-- Data for this exercise follows --
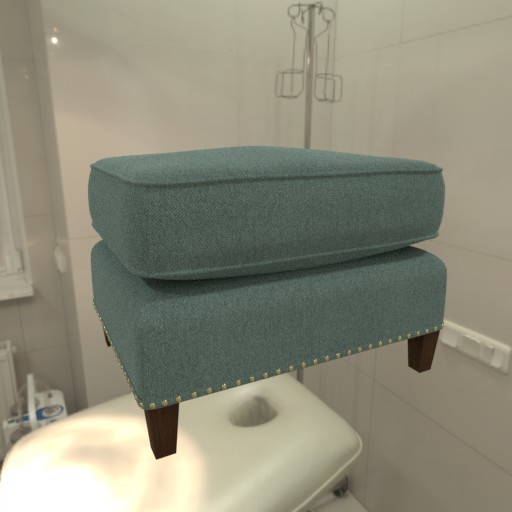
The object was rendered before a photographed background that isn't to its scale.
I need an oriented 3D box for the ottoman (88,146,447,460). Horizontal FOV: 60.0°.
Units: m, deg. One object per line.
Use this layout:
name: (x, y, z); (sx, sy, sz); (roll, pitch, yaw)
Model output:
-- Data for this exercise concluded --
From the data above, copy each line where the string "object" appears.

Your solution:
The object was rendered before a photographed background that isn't to its scale.
Units: m, deg. One object per line.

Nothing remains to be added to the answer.